===== RECORDS FOR THE EXERCISE
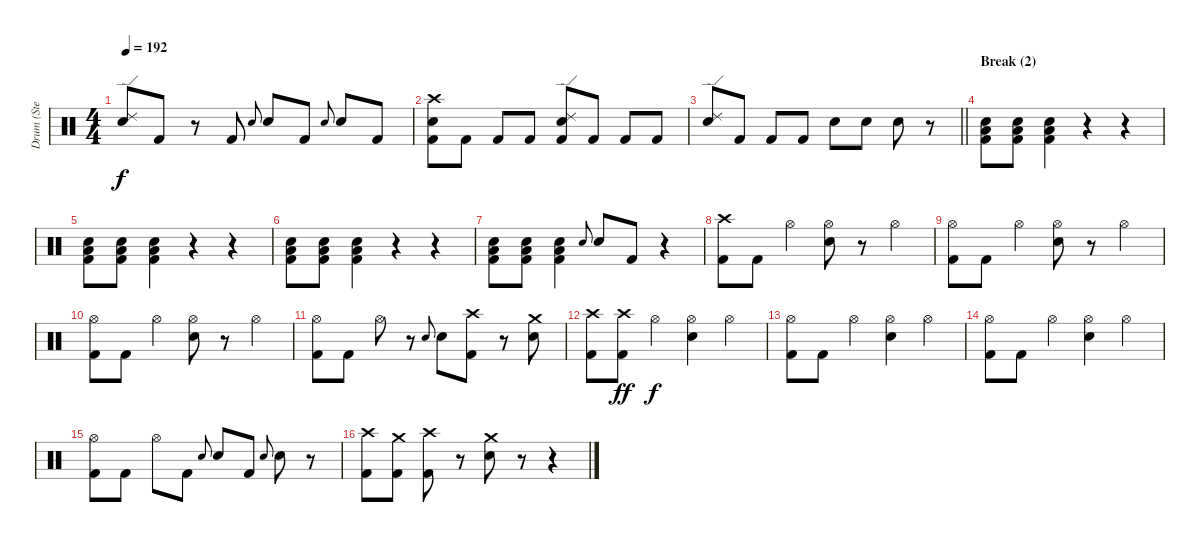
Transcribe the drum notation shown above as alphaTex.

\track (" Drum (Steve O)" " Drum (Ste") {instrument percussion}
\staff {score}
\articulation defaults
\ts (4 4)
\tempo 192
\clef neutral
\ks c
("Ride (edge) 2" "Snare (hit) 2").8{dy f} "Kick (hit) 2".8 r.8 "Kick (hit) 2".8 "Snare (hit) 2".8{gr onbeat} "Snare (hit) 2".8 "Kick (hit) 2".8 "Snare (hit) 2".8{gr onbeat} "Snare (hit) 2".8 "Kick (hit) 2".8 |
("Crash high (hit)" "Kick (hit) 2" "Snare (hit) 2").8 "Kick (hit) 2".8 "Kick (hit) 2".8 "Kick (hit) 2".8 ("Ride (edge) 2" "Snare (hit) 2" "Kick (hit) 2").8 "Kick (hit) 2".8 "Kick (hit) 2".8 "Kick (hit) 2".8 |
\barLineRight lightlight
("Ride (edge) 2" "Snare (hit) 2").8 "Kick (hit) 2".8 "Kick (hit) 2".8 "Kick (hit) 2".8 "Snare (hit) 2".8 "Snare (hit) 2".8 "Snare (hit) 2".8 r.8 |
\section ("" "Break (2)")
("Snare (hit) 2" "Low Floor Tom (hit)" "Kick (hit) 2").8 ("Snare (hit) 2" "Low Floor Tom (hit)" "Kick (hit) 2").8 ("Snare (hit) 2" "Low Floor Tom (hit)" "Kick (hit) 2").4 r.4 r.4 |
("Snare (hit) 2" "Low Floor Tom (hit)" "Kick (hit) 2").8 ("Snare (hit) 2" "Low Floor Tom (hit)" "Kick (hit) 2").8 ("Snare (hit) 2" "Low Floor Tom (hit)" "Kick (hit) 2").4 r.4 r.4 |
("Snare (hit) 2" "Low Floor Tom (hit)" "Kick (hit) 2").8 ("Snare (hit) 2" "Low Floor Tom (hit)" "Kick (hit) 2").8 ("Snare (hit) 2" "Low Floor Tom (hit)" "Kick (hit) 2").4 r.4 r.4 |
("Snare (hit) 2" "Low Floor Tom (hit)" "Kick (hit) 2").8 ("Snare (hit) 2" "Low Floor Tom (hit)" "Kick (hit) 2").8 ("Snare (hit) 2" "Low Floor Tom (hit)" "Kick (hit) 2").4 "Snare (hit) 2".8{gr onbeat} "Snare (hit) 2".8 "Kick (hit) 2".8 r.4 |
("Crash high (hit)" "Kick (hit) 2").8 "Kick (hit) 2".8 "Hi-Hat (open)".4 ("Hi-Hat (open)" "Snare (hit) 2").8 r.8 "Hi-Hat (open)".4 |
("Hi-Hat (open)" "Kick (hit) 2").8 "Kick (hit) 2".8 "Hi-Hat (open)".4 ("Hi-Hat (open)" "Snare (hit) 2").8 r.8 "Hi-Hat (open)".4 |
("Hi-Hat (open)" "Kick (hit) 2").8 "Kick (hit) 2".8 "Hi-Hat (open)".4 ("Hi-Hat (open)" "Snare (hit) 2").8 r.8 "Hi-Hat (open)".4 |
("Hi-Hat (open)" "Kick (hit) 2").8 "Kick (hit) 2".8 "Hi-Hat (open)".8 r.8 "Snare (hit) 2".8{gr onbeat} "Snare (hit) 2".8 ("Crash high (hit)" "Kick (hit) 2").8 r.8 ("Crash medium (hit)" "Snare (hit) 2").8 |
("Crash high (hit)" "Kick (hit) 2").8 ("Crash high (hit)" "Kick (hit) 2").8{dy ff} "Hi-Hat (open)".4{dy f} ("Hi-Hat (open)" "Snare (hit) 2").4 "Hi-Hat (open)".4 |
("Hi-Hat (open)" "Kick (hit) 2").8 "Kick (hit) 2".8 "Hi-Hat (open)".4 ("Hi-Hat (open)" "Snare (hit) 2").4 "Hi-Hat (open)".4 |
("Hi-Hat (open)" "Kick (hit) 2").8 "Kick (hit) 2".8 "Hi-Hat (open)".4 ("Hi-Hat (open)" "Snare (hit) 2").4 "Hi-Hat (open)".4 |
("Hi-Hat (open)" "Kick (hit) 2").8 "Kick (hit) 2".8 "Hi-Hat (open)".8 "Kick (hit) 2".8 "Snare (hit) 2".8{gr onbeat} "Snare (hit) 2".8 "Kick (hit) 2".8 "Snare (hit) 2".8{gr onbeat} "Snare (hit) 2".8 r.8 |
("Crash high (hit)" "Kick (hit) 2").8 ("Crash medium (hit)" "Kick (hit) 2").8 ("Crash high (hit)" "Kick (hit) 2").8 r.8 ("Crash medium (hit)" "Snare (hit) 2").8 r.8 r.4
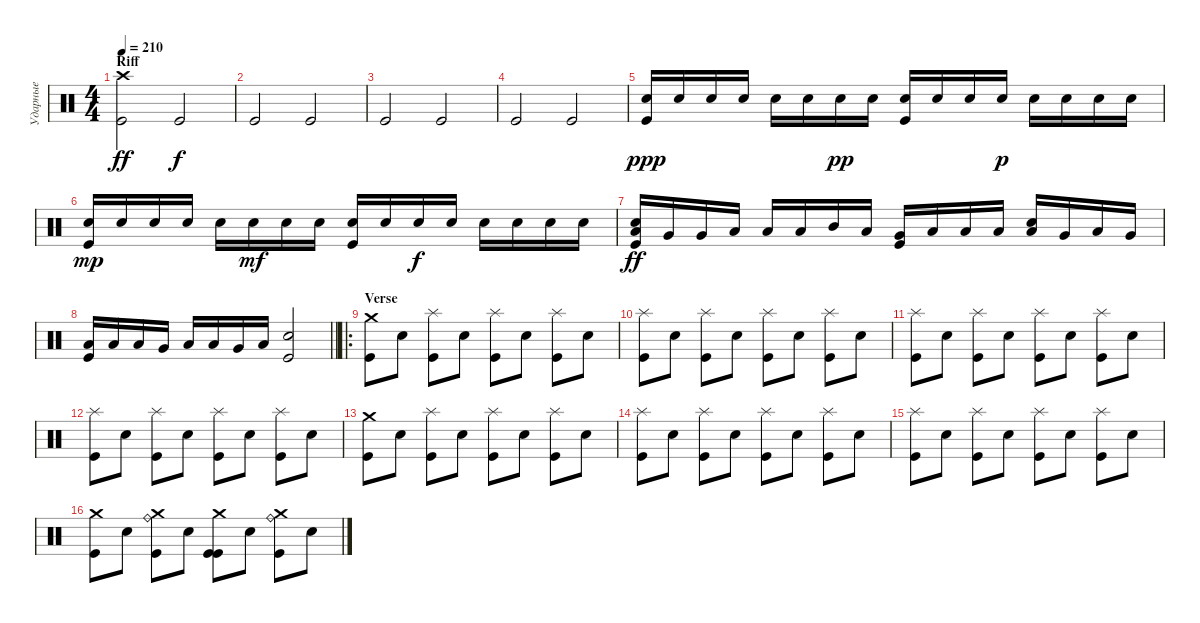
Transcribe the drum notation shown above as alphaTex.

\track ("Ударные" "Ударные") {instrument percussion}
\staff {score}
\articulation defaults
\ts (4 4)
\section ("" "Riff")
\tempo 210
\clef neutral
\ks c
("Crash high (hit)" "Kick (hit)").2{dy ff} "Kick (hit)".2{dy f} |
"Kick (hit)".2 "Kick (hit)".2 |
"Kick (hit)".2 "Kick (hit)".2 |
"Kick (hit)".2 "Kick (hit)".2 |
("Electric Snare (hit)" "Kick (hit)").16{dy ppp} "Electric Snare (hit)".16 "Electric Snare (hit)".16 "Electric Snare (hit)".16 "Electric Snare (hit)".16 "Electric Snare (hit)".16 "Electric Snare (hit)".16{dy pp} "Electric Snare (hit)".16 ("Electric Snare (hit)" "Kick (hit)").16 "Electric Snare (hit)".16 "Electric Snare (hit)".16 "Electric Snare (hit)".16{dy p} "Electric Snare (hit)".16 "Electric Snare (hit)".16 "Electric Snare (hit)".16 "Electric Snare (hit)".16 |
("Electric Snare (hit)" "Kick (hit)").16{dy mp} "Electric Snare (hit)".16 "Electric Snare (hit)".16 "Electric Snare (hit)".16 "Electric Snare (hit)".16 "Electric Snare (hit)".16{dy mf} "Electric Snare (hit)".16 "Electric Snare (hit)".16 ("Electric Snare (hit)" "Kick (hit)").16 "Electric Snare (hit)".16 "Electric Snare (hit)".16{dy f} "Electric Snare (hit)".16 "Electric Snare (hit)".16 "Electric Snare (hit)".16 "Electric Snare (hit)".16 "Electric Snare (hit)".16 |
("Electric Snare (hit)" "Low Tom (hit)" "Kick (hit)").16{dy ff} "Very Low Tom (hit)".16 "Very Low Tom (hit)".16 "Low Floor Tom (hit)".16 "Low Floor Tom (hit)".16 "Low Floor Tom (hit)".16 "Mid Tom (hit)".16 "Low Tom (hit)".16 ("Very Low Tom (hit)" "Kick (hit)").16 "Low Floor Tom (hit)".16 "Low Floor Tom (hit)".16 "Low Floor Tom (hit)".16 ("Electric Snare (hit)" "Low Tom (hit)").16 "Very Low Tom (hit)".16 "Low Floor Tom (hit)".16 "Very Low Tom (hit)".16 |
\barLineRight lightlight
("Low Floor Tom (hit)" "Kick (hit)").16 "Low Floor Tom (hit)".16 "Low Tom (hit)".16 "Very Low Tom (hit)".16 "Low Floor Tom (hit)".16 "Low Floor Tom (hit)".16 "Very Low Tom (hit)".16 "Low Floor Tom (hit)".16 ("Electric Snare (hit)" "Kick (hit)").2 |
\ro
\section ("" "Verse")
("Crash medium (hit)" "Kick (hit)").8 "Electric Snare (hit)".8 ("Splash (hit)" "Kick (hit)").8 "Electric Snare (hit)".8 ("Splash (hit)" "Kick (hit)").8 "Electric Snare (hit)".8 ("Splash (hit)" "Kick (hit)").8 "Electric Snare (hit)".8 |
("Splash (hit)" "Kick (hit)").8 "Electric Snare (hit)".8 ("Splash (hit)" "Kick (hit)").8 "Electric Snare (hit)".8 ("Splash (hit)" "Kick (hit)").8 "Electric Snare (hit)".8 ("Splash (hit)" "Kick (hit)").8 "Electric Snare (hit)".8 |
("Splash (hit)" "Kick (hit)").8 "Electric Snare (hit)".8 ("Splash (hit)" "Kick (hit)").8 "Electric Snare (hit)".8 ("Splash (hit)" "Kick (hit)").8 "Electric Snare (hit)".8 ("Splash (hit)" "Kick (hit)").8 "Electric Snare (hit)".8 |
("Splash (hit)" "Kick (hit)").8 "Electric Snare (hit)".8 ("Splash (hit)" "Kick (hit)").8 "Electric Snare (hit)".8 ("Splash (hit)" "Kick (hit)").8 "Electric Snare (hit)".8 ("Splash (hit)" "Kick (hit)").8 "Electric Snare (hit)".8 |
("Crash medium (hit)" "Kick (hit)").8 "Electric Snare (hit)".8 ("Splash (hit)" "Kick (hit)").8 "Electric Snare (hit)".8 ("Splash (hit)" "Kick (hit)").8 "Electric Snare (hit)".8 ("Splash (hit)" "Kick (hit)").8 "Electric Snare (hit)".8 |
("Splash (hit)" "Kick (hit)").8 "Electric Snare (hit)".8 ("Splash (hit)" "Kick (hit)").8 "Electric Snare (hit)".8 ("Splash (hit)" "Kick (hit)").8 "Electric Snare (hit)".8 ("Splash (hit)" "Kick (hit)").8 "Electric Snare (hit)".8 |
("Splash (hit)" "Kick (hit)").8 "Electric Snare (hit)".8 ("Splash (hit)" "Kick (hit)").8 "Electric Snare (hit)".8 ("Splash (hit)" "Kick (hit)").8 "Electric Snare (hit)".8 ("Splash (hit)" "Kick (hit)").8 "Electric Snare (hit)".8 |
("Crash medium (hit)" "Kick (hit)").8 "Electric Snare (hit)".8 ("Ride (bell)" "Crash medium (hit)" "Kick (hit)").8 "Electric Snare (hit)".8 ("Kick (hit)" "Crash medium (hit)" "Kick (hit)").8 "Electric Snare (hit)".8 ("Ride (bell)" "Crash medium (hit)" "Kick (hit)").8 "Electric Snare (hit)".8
==========
WHAT IS NEEDED =
Copy out each line of the material above that holds the word "open".

SOLUTION TO THIS TASK =
("Crash high (hit)" "Kick (hit) 2").8 "Kick (hit) 2".8 "Hi-Hat (open)".4 ("Hi-Hat (open)" "Snare (hit) 2").8 r.8 "Hi-Hat (open)".4 |
("Hi-Hat (open)" "Kick (hit) 2").8 "Kick (hit) 2".8 "Hi-Hat (open)".4 ("Hi-Hat (open)" "Snare (hit) 2").8 r.8 "Hi-Hat (open)".4 |
("Hi-Hat (open)" "Kick (hit) 2").8 "Kick (hit) 2".8 "Hi-Hat (open)".4 ("Hi-Hat (open)" "Snare (hit) 2").8 r.8 "Hi-Hat (open)".4 |
("Hi-Hat (open)" "Kick (hit) 2").8 "Kick (hit) 2".8 "Hi-Hat (open)".8 r.8 "Snare (hit) 2".8{gr onbeat} "Snare (hit) 2".8 ("Crash high (hit)" "Kick (hit) 2").8 r.8 ("Crash medium (hit)" "Snare (hit) 2").8 |
("Crash high (hit)" "Kick (hit) 2").8 ("Crash high (hit)" "Kick (hit) 2").8{dy ff} "Hi-Hat (open)".4{dy f} ("Hi-Hat (open)" "Snare (hit) 2").4 "Hi-Hat (open)".4 |
("Hi-Hat (open)" "Kick (hit) 2").8 "Kick (hit) 2".8 "Hi-Hat (open)".4 ("Hi-Hat (open)" "Snare (hit) 2").4 "Hi-Hat (open)".4 |
("Hi-Hat (open)" "Kick (hit) 2").8 "Kick (hit) 2".8 "Hi-Hat (open)".4 ("Hi-Hat (open)" "Snare (hit) 2").4 "Hi-Hat (open)".4 |
("Hi-Hat (open)" "Kick (hit) 2").8 "Kick (hit) 2".8 "Hi-Hat (open)".8 "Kick (hit) 2".8 "Snare (hit) 2".8{gr onbeat} "Snare (hit) 2".8 "Kick (hit) 2".8 "Snare (hit) 2".8{gr onbeat} "Snare (hit) 2".8 r.8 |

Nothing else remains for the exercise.